亦舒的小说具有极高的社会现实意义,甚至是她的幻想小说,也有现实意义。

小该不一定要有社会现实意义,但亦舒的小说的确有就值得提出来。

一般来说,亦舒的小说中的社会现实意义,不容易被“评论家”所承认。

某些“评论家”心目中,有社会现实的小说,主角人物应该是父母双亡,孤儿院出来,教养所进去,生了病就得被逼去当娼当盗,养一只狗都会破车子辗死,买一斤盐回去也会生虫的倒霉人物,而且必然是又穷又苦,苦得不能再苦,这就叫“暴露社会的黑暗面”,主角人物总之得有苦遭遇,越苦越好这就“现实”了。

但是我认为,这种题材,自然也可以成为好小说,专在这种题材上洒狗血,则大可不必,这种“狗血”粤语残片中要多少有多少,并不是什么稀罕的东西。

亦舒的小说中,很少这一类人物,就算有也不洒狗血。亦舒的近作《银女》,接触到社会下阶层人物的生活极深刻,但一样维持看她一贯的写作风格,不把大量的廉价同情洒向小人物的身上,也不把一切人类的美德,都加在小人物的身上——小人物真的那么美好?只怕不见得,小人物卑鄙起来,和大人物不遑多让。

亦舒小说中的人物,以社会中高层或中层的人物居多,更多的是知识份子。也有很多不同类型的豪富。她写这些人的生活、爱情,塑造这些人种种不同的形象,写他扪的快乐,写他们的痛苦,写他们的成功,写他们的挫折,写他们的挣扎,写他们的苦闷,写他们的种种心态。现实生活中显然有大批这样的人,为什么不能去写他们?为什么不能写意气风发的原子物理工程师,非要写终日酗酒断了一条腿的木匠?

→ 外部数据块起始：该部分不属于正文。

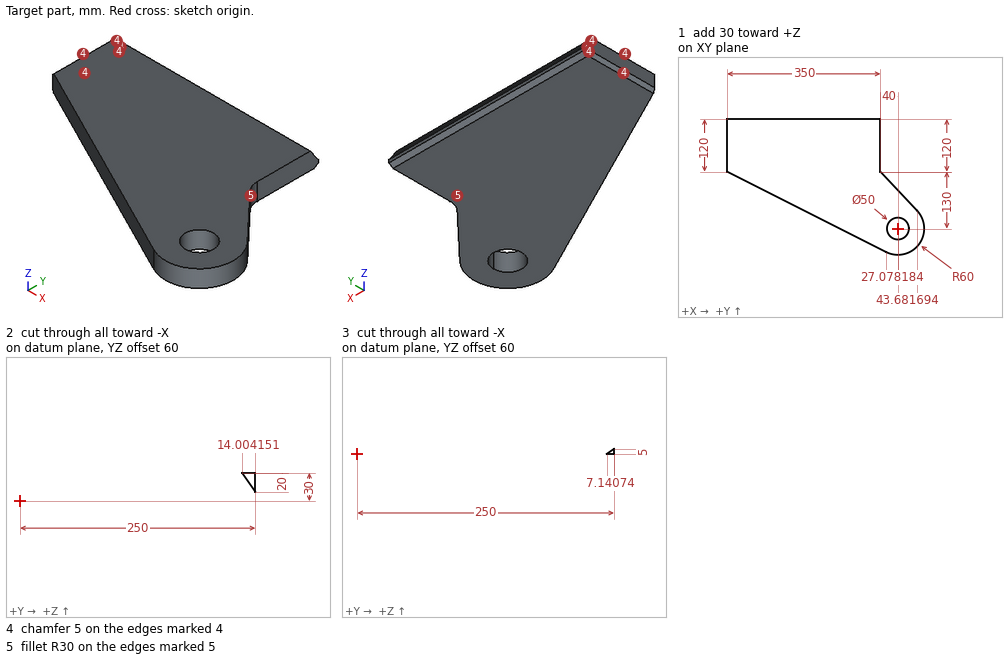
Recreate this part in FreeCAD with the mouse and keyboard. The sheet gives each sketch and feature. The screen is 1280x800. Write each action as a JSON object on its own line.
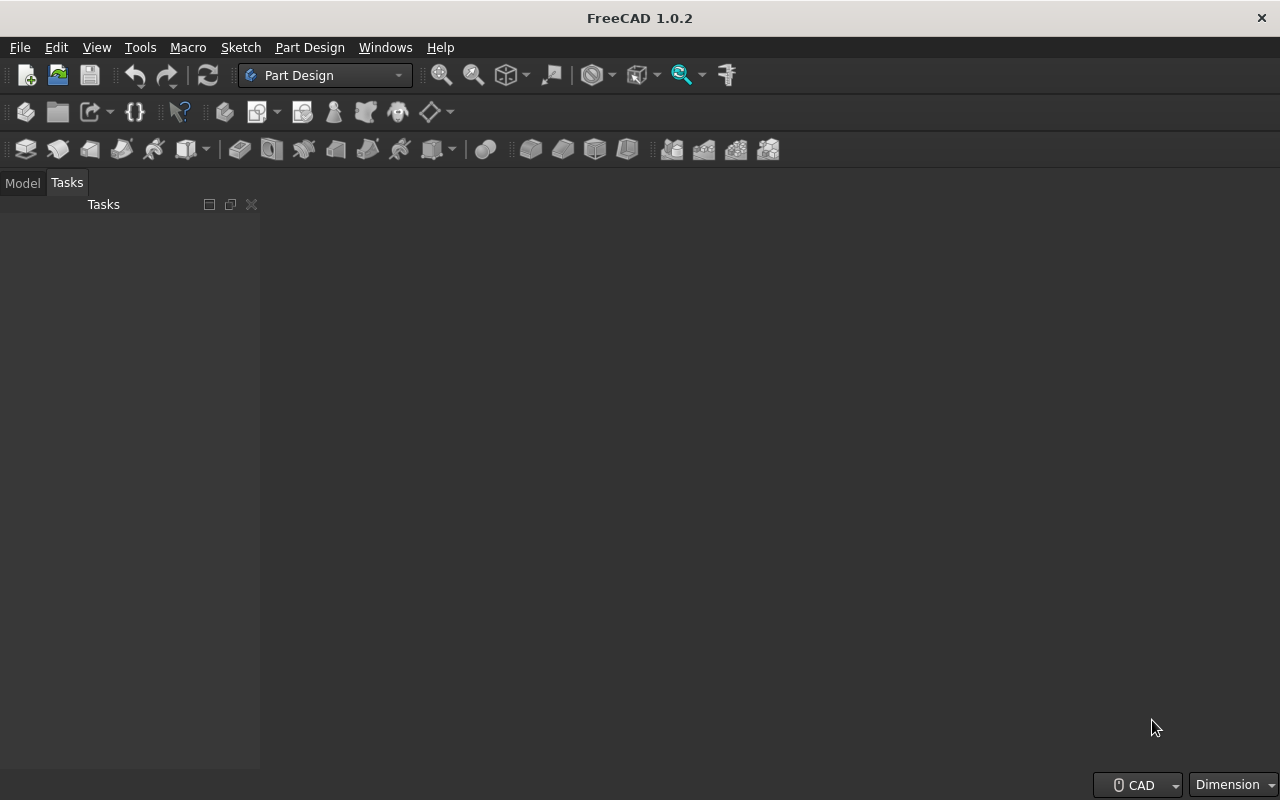
{"action": "key", "text": "ctrl+n"}

再一次强调:小说不一定非要有所谓社会现实意义不可,但亦舒的小说的而且确,不用洒狗血的方法,刻划出各阶层人物的特性,这却也不容否认。

也有以小说中有否社会现实意义来区别一篇作品是否文学作品者,那更是十分滑稽的一种想法,但即使如此分,亦舒小说仍然是文学作品。

亦耕的小说大多数在香港写出来,她的小说,是香港人值得引以为傲的文学作品,不但目前拥有广大的读者,而且,必然将有十分久远的影响。

(近日,应一个出版社之邀,作一次小说创作比赛的评判,就发现不少篇作品笔法是摹仿亦舒的,这可证明她的小说在读者之中已有一定影响。)

(奉劝有志从事小说创作者

,不要去摹仿别人的风格,要建立自己的风格。)

(虽然建立自己的风格不是容易的事,但要是容易,阿狗阿猫都可以变小说家了,当然是不容易的事,是不是?)

(人家的风格再好也是人家的。自己的风格再不好是自己的。)

(亦舒如果一直摹仿他人的风格来写作,她就不会有今日的成就。)

九、夹议

亦舒小说的另一个特点是,在小说中她会忽然藉着情节的发展,或是人物的遭遇,而发出以作者立场出发的议论。这种议论,或月旦人物,或评议事件。例子不胜枚举,在论及个别作品时,会摘要指出。

这种写作方式,很多小说家都喜欢用,读者也会感到相当有趣。运用这种方式最多的著名小说家是古龙,古龙的小说之中,评议极多,也恰到好处有助於小说情节、主题的推进。

亦舒小说的这种夹议,完全是她的杂文风格,讥讽性十分强烈,三言两语,若是辑录下来,就是极佳的讽刺小品,痛快淋漓之至。

十、新

亦谈的小说可以称之为一种新形式的、现代社会的节奏之中所产生的文学作品。她的作品,在有意无意之间,对传统的文学创作观念作了彻底的反叛。从她开始创作,她就鼓坚持着这处创作方法,而且,有目共睹,取得了成功。

也由於她坚持用自己的方法在创作,不受传统的观念的任何拘束,所以她的作品,有着浓厚的现代社会的气息——这也是她的小说拥有大量读者的原因。当然,仍然坚持种种传统的文学创作观念和教条的人,对她的小说是不会欢喜的——或明明欢喜,但是又不甘心承认。矫揉造作和直率无忌,连篇说教和一针见血,掩饰人性的弱点和毫不留情的揭露,文字堆砌和直截了当——其间的距离之远,当以光年计算。如水火之不相容。

十一、现代

亦舒小说是现代的,一切怀旧或拘泥于传统创作法的人,必然会被她的小说吓得脸青唇白,但是现代社会的读者,就会把她的小说当作好小说,一本又一本买来看,看得津津有味。

十二、创作量

“总论”似乎写得太长了,但仍然意犹未尽,只是举出了若干总的特色而已,细节,当在说到个别作品时,再详细讨论。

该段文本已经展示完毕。